**EXERCISE DIRECTIONS:** Set down every entry exactly as given. Pictures are to be left out.

+-------+

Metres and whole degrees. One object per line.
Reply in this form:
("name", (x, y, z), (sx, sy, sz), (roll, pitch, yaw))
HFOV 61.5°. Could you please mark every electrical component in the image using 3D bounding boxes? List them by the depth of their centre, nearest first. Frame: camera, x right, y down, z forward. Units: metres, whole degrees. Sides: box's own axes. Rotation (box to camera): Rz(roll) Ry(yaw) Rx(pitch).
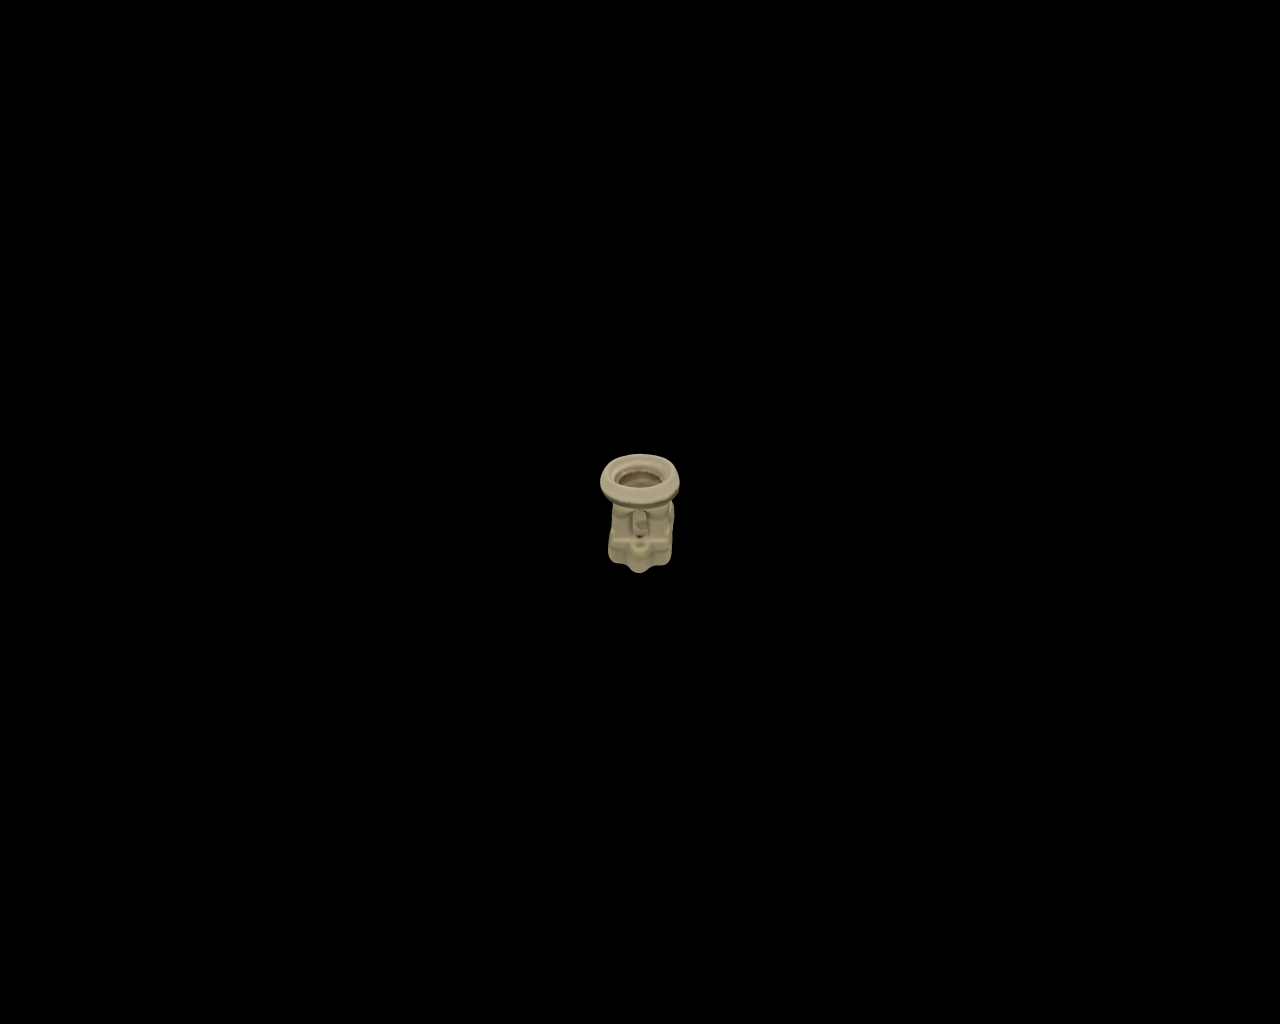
("electrical component", (0.001, -0.003, 0.650), (0.048, 0.055, 0.066), (1, 35, 2))

+-------+

**SOLUTION FOR THIS EXERCISE:**
Metres and whole degrees. One object per line.
Reply in this form:
("name", (x, y, z), (sx, sy, sz), (roll, pitch, yaw))
HFOV 61.5°. Could you please mark every electrical component in the image using 3D bounding boxes? List them by the depth of their centre, nearest first. Frame: camera, x right, y down, z forward. Units: metres, whole degrees. Sides: box's own axes. Rotation (box to camera): Rz(roll) Ry(yaw) Rx(pitch).
("electrical component", (0.001, -0.003, 0.650), (0.048, 0.055, 0.066), (1, 35, 2))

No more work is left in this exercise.